Before a bunch of Kings fans call sour grapes, and the Royal Half sends me tons of emails calling me a backstabber in our budding friendship with them, let me get a few things out there. The Kings are probably the team, other than the Rangers maybe, that I watch the most other than the Hawks on Center Ice. They have several players I love, and a couple I’ve spend many nights dreaming were Hawks (*cough* Dustin Brown *cough*). Even with his performances this playoff, I still think too many people don’t realize how good Anze Kopitar is. Mentioning him in the same breath as our captain is certainly not a crime. He even has a goal in the Final (oh am I going to get it for that one). Drew Doughty is one of, if not the, most exciting d-man to watch when he’s not trying to be Spider Man and Batman at the same time.

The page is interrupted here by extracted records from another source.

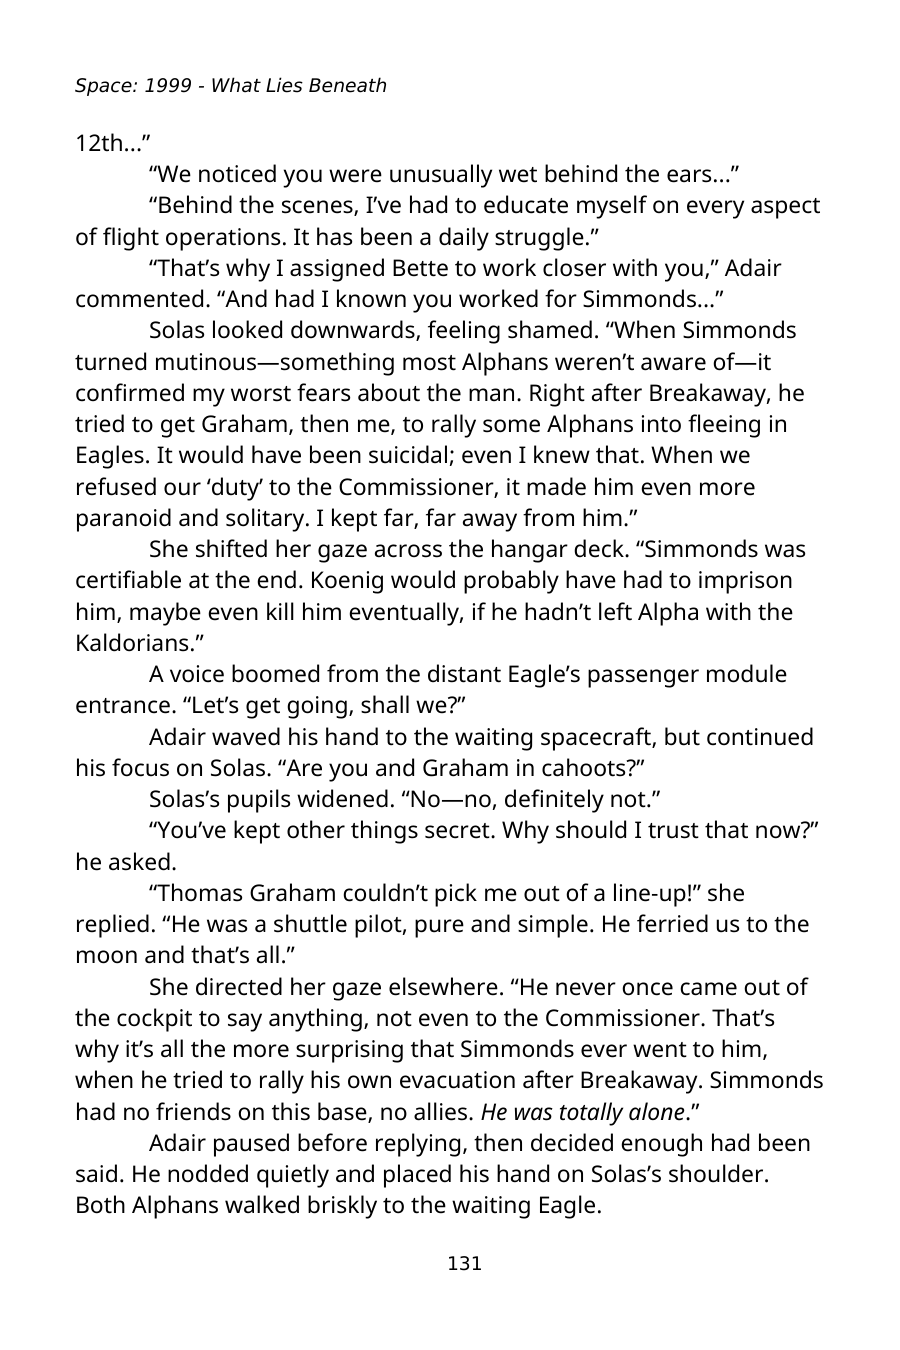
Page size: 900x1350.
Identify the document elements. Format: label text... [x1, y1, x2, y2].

text Adair waved his hand to the waiting spacecraft, but continued his focus on Solas. “Are you and Graham in cahoots?” [75, 721, 825, 783]
text She shifted her gaze across the hangar deck. “Simmonds was certifiable at the end. Koenig would probably have had to imprison him, maybe even kill him eventually, if he hadn’t left Alpha with the Kaldorians.” [75, 533, 825, 658]
text Solas looked downwards, feeling shamed. “When Simmonds turned mutinous—something most Alphans weren’t aware of—it confirmed my worst fears about the man. Right after Breakaway, he tried to get Graham, then me, to rally some Alphans into fleeing in Eagles. It would have been suicidal; even I knew that. When we refused our ‘duty’ to the Commissioner, it made him even more paranoid and solitary. I kept far, far away from him.” [75, 314, 825, 533]
text A voice boomed from the distant Eagle’s passenger module entrance. “Let’s get going, shall we?” [75, 658, 825, 721]
text “Behind the scenes, I’ve had to educate myself on every aspect of flight operations. It has been a daily struggle.” [75, 189, 825, 252]
text Solas’s pupils widened. “No—no, definitely not.” [75, 783, 825, 814]
text “We noticed you were unusually wet behind the ears...” [75, 158, 825, 189]
text Adair paused before replying, then decided enough had been said. He nodded quietly and placed his hand on Solas’s shoulder. Both Alphans walked briskly to the waiting Eagle. [75, 1127, 825, 1221]
text “You’ve kept other things secret. Why should I trust that now?” he asked. [75, 814, 825, 877]
text She directed her gaze elsewhere. “He never once came out of the cockpit to say anything, not even to the Commissioner. That’s why it’s all the more surprising that Simmonds ever went to him, when he tried to rally his own evacuation after Breakaway. Simmonds had no friends on this base, no allies. He was totally alone.” [75, 971, 825, 1127]
text “Thomas Graham couldn’t pick me out of a line-up!” she replied. “He was a shuttle pilot, pure and simple. He ferried us to the moon and that’s all.” [75, 877, 825, 971]
text “That’s why I assigned Bette to work closer with you,” Adair commented. “And had I known you worked for Simmonds...” [75, 252, 825, 314]
text 12th...” [75, 127, 825, 158]

Add to that that having lived in L.A., when both the Kings and Hawks were utterly terrible, and having met a fair number of Kings fans (which is not easy out there, it’s not unlike locating a leprechaun), I felt a kinship with a fandom that was certainly the blacksheep in the Southern California sports world. Though they were few, they were not short in passion or knowledge, and generally had an awesome taste in music. And they were certainly a hell of a lot better than the entitled Ducks fans, who had a Cup dropped on them with little to no suffering. Whereas Kings fans have waited essentially as long as we did. For those, I am happy that they will feel the reward that we knew not so long ago.

And yet, I watch the Kings steamroll through these playoffs, and I’m filled with dread. And I think I’ve finally know why. Because now, there is a team that seems more likely to embark on a dynasty/dominant age than my beloved Hawks. And I was convinced the Hawks could do it after a step back last year. Had a bounce or two gone the other way, it still could have been the Hawks this year.

But the Kings will not have a cap-acolypse. Only Jarrett Stoll is a free agent who would be considered vital, and they’ve got Loktionov waiting anyway. All the d-men will be around next year, with cap space. Kopitar, Brown, Doughty, Voynov, Richards, Carter, and most worryingly, Quick, are on the right side of 30. Some by a distance.

So they’re not going anywhere.

Let’s also say that as dominant as the Kings have been, they’ve gotten a pretty nice draw this spring. With Shooty Twin hurt and Ryan Kesler being basically held together with string and hope, they haven’t seen a team that has a lot of offensive depth. The Blues and Coyotes went ridiculously stupid. The Devils have actually had long stretches of play the past two games where they caused any blue-liner not named Doughty into turnovers. But those chances have fallen to the Ponikarovskys and Zubruses of the world. Maybe it would have looked different if they fell to the Sharps, Hossas, and Bollands. Then again, with Quick playing like this, they could have fallen to Messier, Kurri, and Anderson and it probably wouldn’t have mattered.

To go with that, the Kings will never get this from Dustin Penner again. In fact, they probably won’t be suckered by what is so obviously yet another playoff-contract drive from him, just as he did in 2007 before he started eating. As McClure said to me, Dwight King’s results really aren’t much more than what would happen if Bryan Bickell could be in the right place more often. Jeff Carter, playoff clutch? Won’t happen again.

But next year, the Kings won’t need Quick to be this good to be good again, because Mike Richards isn’t going to struggle to score this much again. Neither will Dustin Brown. They have kids coming through. It’s frightening. And Quick may always be this good — please let him be in Sochi.

And when I look at what the Hawks might do this summer, I still don’t see any possibility that sees them being able to comfortably handle the size of the Kings. Sure, they’re going to try and do it through speed, and maybe that will work. Didn’t against Phoenix, and how’d that look when it ran up against the Black and Silver?

Call it jealousy. You’re probably right. Call it unreasonable. It might be that. But after all we went through as Hawks fans for a great majority of our lives, one Cup didn’t make it all go away (though it came so close). I wanted my Hawks Dynasty. And now I see it being taken away.

I’m already hiding behind the couch for a Kings-Hawks playoff series that’s coming next spring.